= 1980–81 Austrian Hockey League season =

Austrian ice hockey season

The 1980–81 Austrian Hockey League season was the 51st season of the Austrian Hockey League, the top level of ice hockey in Austria.

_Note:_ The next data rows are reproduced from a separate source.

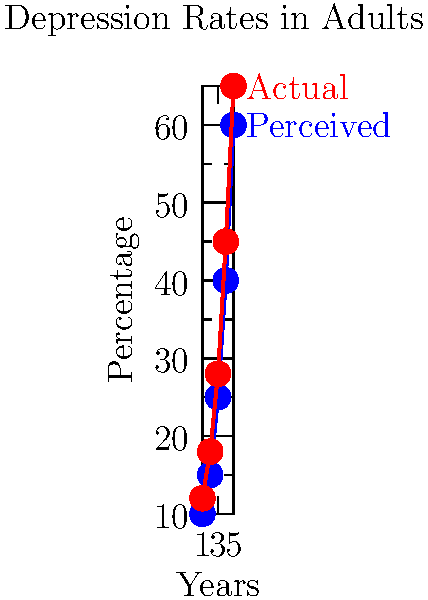The graph shows the perceived and actual rates of depression in adults over 5 years. What misconception about mental health statistics does this visualization reveal, and how might this impact public understanding and empathy towards mental health issues? To identify the misconception and its impact, let's analyze the graph step-by-step:

1. Data representation:
   - Blue line: Perceived depression rates
   - Red line: Actual depression rates

2. Trend analysis:
   - Both perceived and actual rates increase over time
   - Actual rates are consistently higher than perceived rates

3. Identifying the misconception:
   - The graph shows that people underestimate the prevalence of depression
   - This underestimation is consistent across all five years

4. Quantifying the misconception:
   - The gap between perceived and actual rates increases over time
   - By year 5, the perceived rate is 60% while the actual rate is 65%

5. Impact on public understanding:
   - Underestimation may lead to a lack of awareness about the true scale of depression
   - This could result in insufficient resources allocated to mental health services

6. Impact on empathy:
   - People might underestimate the likelihood of encountering someone with depression
   - This could lead to less empathy or support for those struggling with mental health issues

7. Implications for mental health advocacy:
   - Highlights the need for better education about the prevalence of depression
   - Emphasizes the importance of accurate data dissemination to the public

The misconception revealed is the consistent underestimation of depression rates in adults. This can lead to reduced public awareness, inadequate resource allocation, and potentially less empathy towards those affected by depression.
Answer: Underestimation of depression prevalence, leading to reduced awareness and potential lack of empathy 
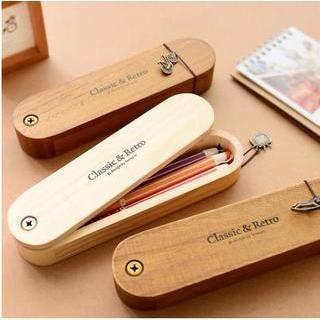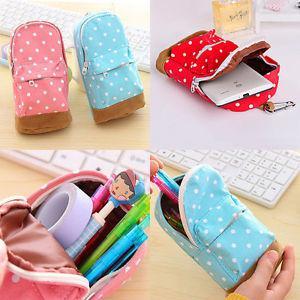The first image is the image on the left, the second image is the image on the right. For the images displayed, is the sentence "An open pencil case contains at least one stick-shaped item with a cartoony face shape on the end." factually correct? Answer yes or no. Yes. The first image is the image on the left, the second image is the image on the right. Evaluate the accuracy of this statement regarding the images: "A person is holding a pencil case with one hand in the image on the left.". Is it true? Answer yes or no. No. 
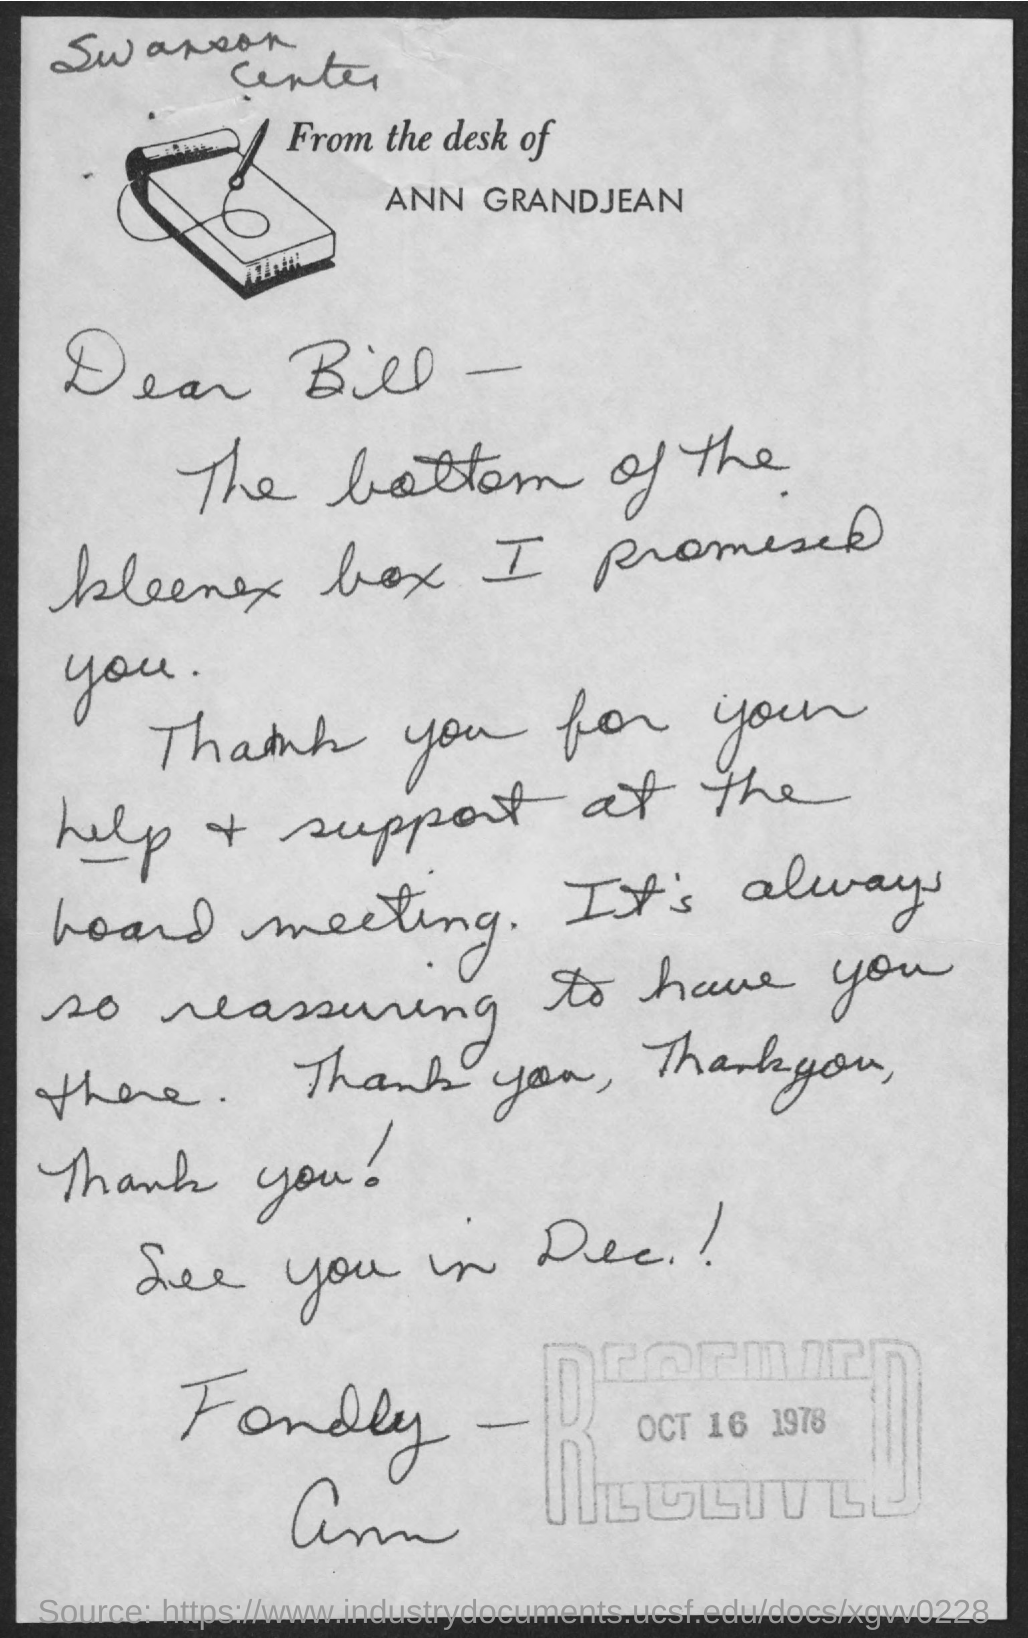To whom, the letter is addressed?
Make the answer very short. Bill. Who is the sender of this letter?
Your response must be concise. ANN. 
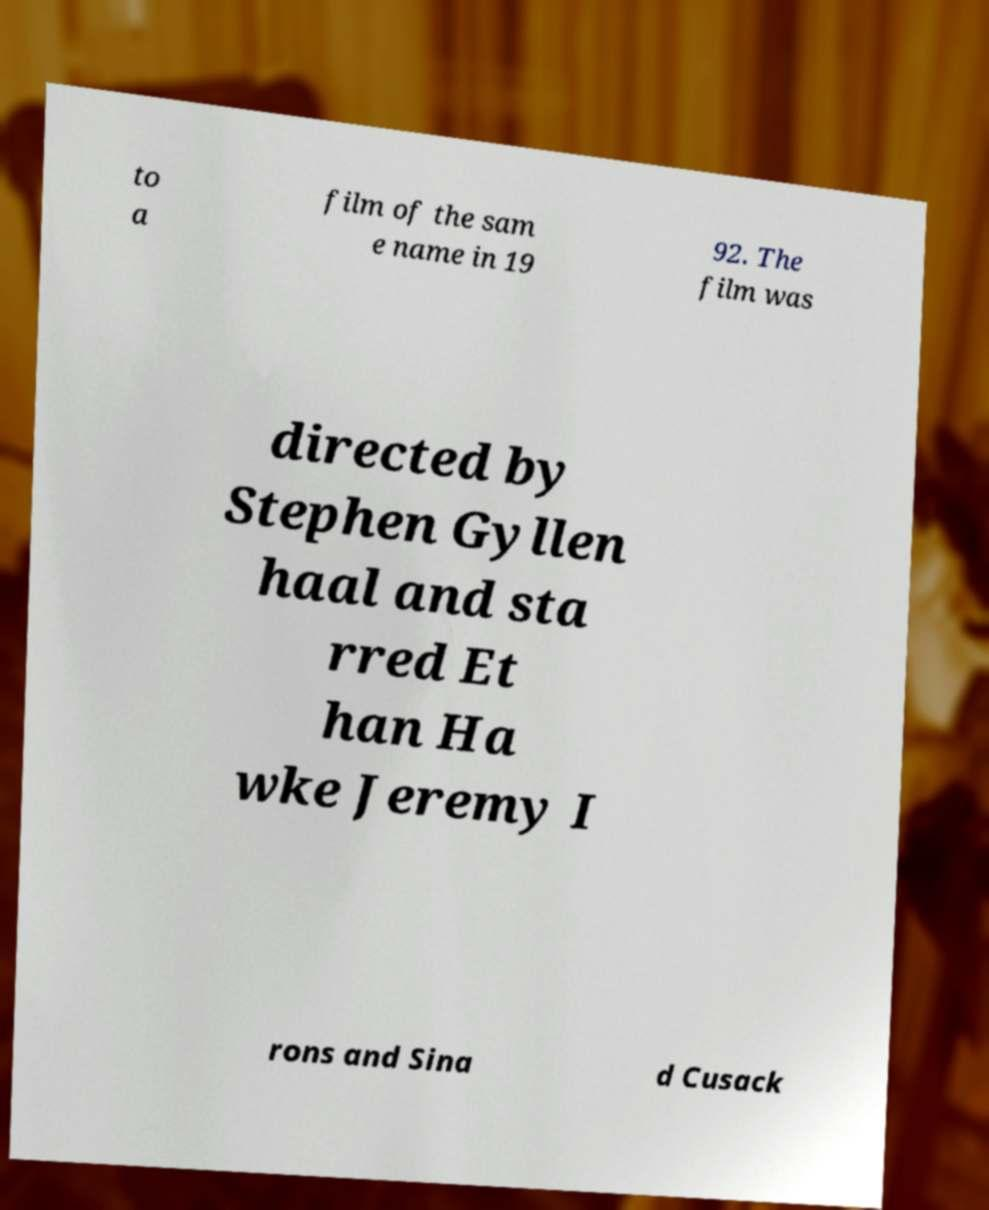Can you accurately transcribe the text from the provided image for me? to a film of the sam e name in 19 92. The film was directed by Stephen Gyllen haal and sta rred Et han Ha wke Jeremy I rons and Sina d Cusack 
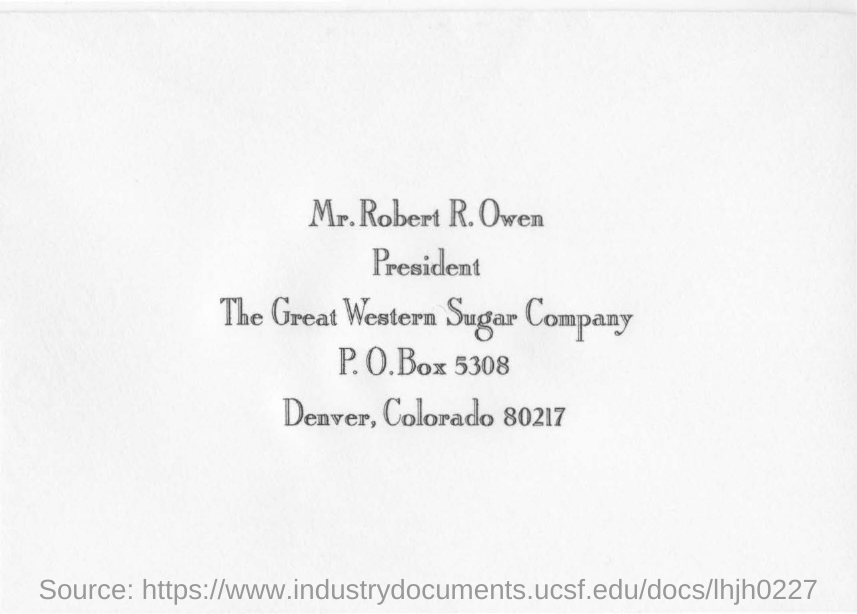What is the P. O.Box number in the document?
Make the answer very short. 5308. Where is the Great Western Sugar Company located?
Your response must be concise. Deaver, Colorado. 
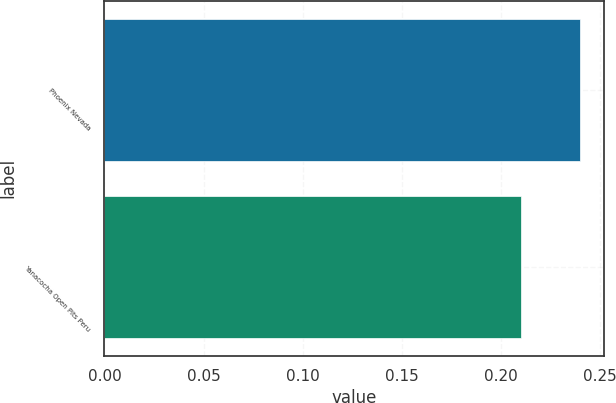<chart> <loc_0><loc_0><loc_500><loc_500><bar_chart><fcel>Phoenix Nevada<fcel>Yanacocha Open Pits Peru<nl><fcel>0.24<fcel>0.21<nl></chart> 
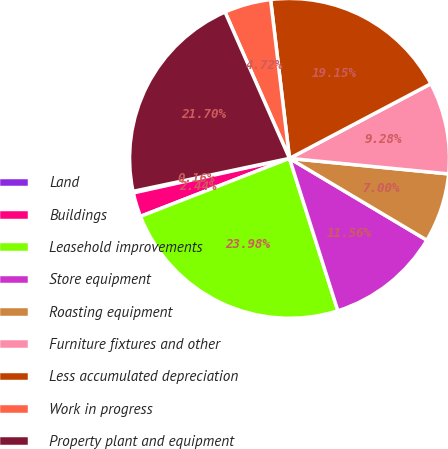Convert chart. <chart><loc_0><loc_0><loc_500><loc_500><pie_chart><fcel>Land<fcel>Buildings<fcel>Leasehold improvements<fcel>Store equipment<fcel>Roasting equipment<fcel>Furniture fixtures and other<fcel>Less accumulated depreciation<fcel>Work in progress<fcel>Property plant and equipment<nl><fcel>0.16%<fcel>2.44%<fcel>23.98%<fcel>11.56%<fcel>7.0%<fcel>9.28%<fcel>19.15%<fcel>4.72%<fcel>21.7%<nl></chart> 
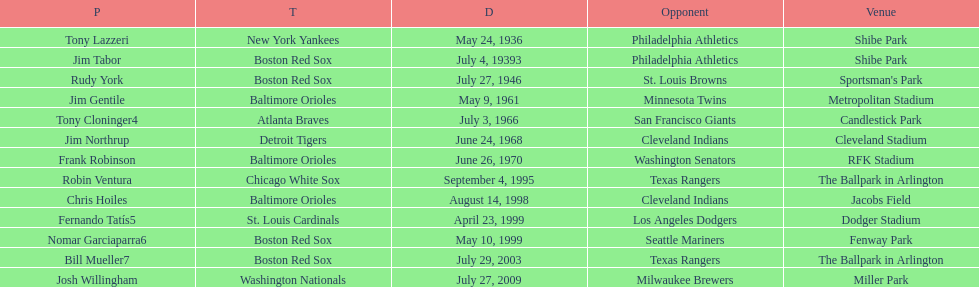On what date did the detroit tigers play the cleveland indians? June 24, 1968. 
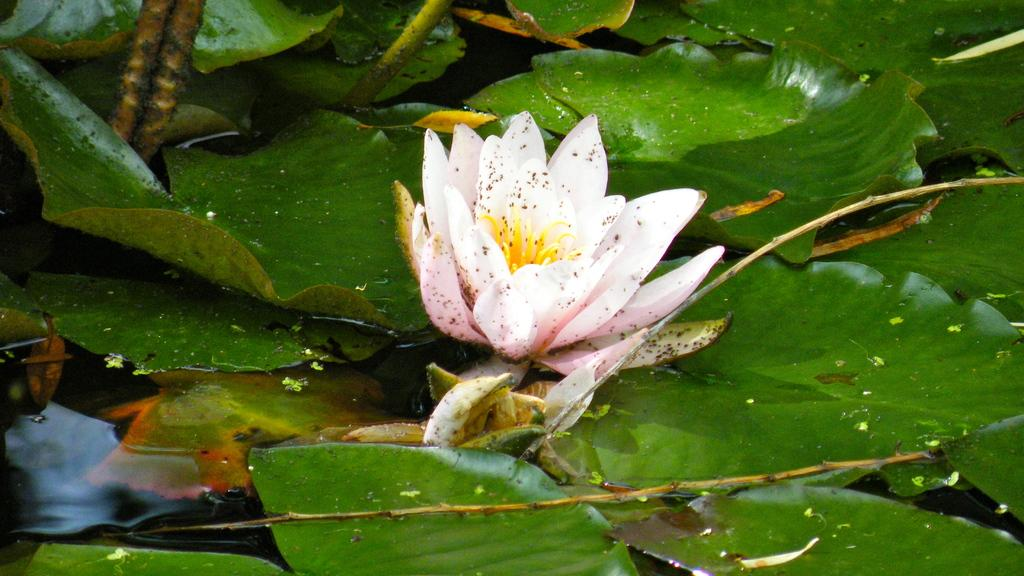What type of plant can be seen in the image? There is a flower in the image. What parts of the plant are visible in the image? There are leaves and stems in the image. What else can be seen in the image besides the plant? There is water visible in the image. What type of knot is tied around the flower in the image? There is no knot present in the image; it only features a flower, leaves, stems, and water. What surprise can be seen in the image? There is no surprise present in the image; it is a simple depiction of a flower, leaves, stems, and water. 
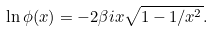<formula> <loc_0><loc_0><loc_500><loc_500>\ln \phi ( x ) = - 2 \beta i x \sqrt { 1 - 1 / x ^ { 2 } } .</formula> 
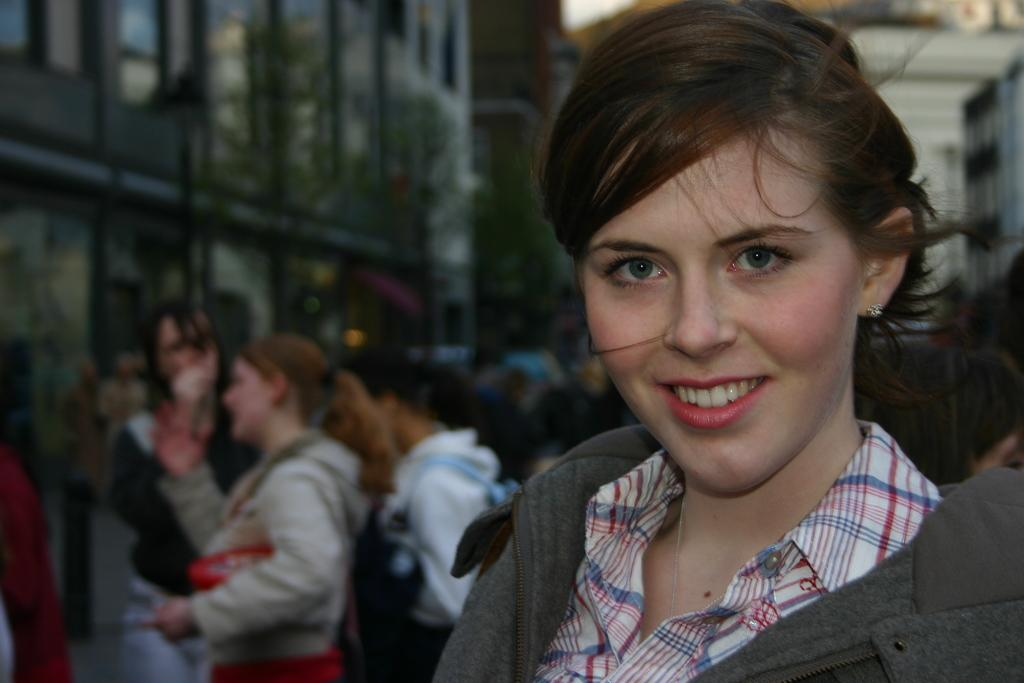Who is the main subject in the image? There is a woman in the image. Can you describe the woman's appearance? The woman has short hair. What is the woman doing in the image? The woman is looking and smiling at someone. What can be seen in the background of the image? There are many people in the background of the image. What type of vest is the woman wearing in the image? There is no vest visible in the image; the woman is not wearing one. How many babies can be seen in the image? There are no babies present in the image. 
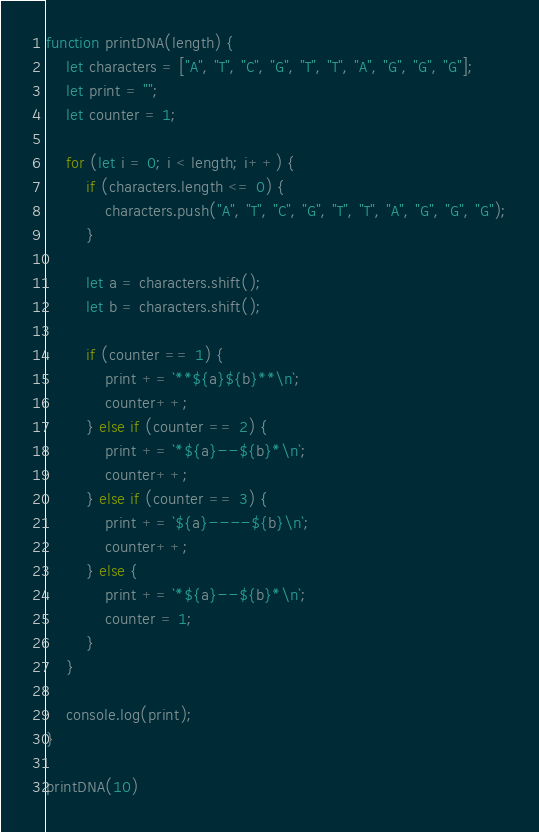Convert code to text. <code><loc_0><loc_0><loc_500><loc_500><_JavaScript_>function printDNA(length) {
    let characters = ["A", "T", "C", "G", "T", "T", "A", "G", "G", "G"];
    let print = "";
    let counter = 1;

    for (let i = 0; i < length; i++) {
        if (characters.length <= 0) {
            characters.push("A", "T", "C", "G", "T", "T", "A", "G", "G", "G");
        }

        let a = characters.shift();
        let b = characters.shift();

        if (counter == 1) {
            print += `**${a}${b}**\n`;
            counter++;
        } else if (counter == 2) {
            print += `*${a}--${b}*\n`;
            counter++;
        } else if (counter == 3) {
            print += `${a}----${b}\n`;
            counter++;
        } else {
            print += `*${a}--${b}*\n`;
            counter = 1;
        }
    }

    console.log(print);
}

printDNA(10)</code> 
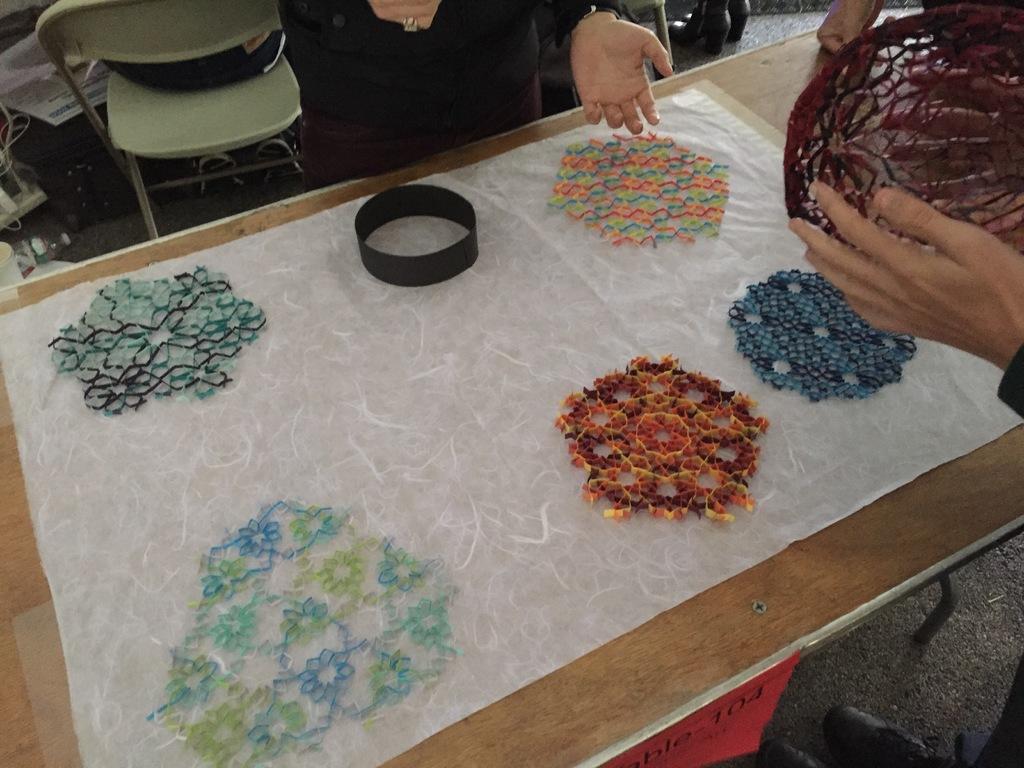Can you describe this image briefly? In this picture we can see few designs on the cloth, and the cloth is on the table, and we can see few people, a chair and a bottle.

Eight teams participated in the league, and EC VSV won the championship.

==First round==

|  | Team | GP | W | L | T | GF | GA | Pts |
|---|---|---|---|---|---|---|---|---|
| 1. | Kapfenberger SV | 28 | 17 | 6 | 5 | 131 | 103 | 39 |
| 2. | EC VSV | 28 | 17 | 8 | 3 | 135 | 102 | 37 |
| 3. | Wiener EV | 28 | 13 | 10 | 5 | 124 | 110 | 31 |
| 4. | ECS Innsbruck | 28 | 14 | 12 | 2 | 141 | 120 | 30 |
| 5. | HC Salzburg | 28 | 10 | 10 | 8 | 86 | 91 | 28 |
| 6. | EC KAC | 28 | 10 | 14 | 4 | 123 | 121 | 24 |
| 7. | VEU Feldkirch | 28 | 8 | 17 | 3 | 115 | 163 | 19 |
| 8. | WAT Stadlau | 28 | 6 | 18 | 4 | 74 | 119 | 16 |

==Final round==

|  | Team | GP | W | L | T | GF | GA | Pts (Bonus) |
|---|---|---|---|---|---|---|---|---|
| 1. | EC VSV | 6 | 4 | 1 | 1 | 39 | 18 | 12 (3) |
| 2. | Wiener EV | 6 | 4 | 2 | 0 | 31 | 24 | 10 (2) |
| 3. | Kapfenberger SV | 6 | 1 | 3 | 2 | 24 | 37 | 8 (4) |
| 4. | ECS Innsbruck | 6 | 1 | 4 | 1 | 28 | 43 | 4 (1) |

==Qualification round==

|  | Team | GP | W | L | T | GF | GA | Pts (Bonus) |
|---|---|---|---|---|---|---|---|---|
| 5. | VEU Feldkirch | 6 | 4 | 1 | 1 | 46 | 26 | 11 (2) |
| 6. | EC KAC | 6 | 3 | 2 | 1 | 17 | 21 | 10 (3) |
| 7. | HC Salzburg | 6 | 2 | 3 | 1 | 22 | 25 | 9 (4) |
| 8. | WAT Stadlau | 6 | 1 | 4 | 1 | 20 | 33 | 4 (1) |

WAT Stadlau avoided relegation as ATSE Graz declined to be promoted.